* EXERCISE:
With both ends included, repeat exactly the lines of the entries below from the one containing "Lengths in meters, angles in degrees." down to the one containing "I'd like a 3D", and no others.

--------------------------------------------------

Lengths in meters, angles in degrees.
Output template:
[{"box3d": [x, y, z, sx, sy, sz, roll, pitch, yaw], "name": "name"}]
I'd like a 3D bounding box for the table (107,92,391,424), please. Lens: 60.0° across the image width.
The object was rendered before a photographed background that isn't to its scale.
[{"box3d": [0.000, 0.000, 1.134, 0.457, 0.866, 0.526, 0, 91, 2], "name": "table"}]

--------------------------------------------------

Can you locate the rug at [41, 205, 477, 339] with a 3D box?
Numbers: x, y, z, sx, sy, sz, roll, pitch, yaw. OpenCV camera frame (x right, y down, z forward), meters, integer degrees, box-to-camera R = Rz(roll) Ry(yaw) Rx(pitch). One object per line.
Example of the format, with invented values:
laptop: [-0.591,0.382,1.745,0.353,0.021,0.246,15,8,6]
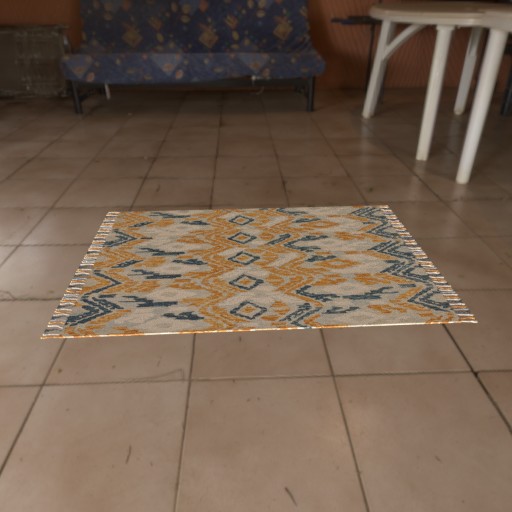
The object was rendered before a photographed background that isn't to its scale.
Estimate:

--------------------------------------------------

* RESULT BELOW:
Lengths in meters, angles in degrees.
Output template:
[{"box3d": [x, y, z, sx, sy, sz, roll, pitch, yaw], "name": "name"}]
I'd like a 3D bounding box for the table (107,92,391,424), please. Lens: 60.0° across the image width.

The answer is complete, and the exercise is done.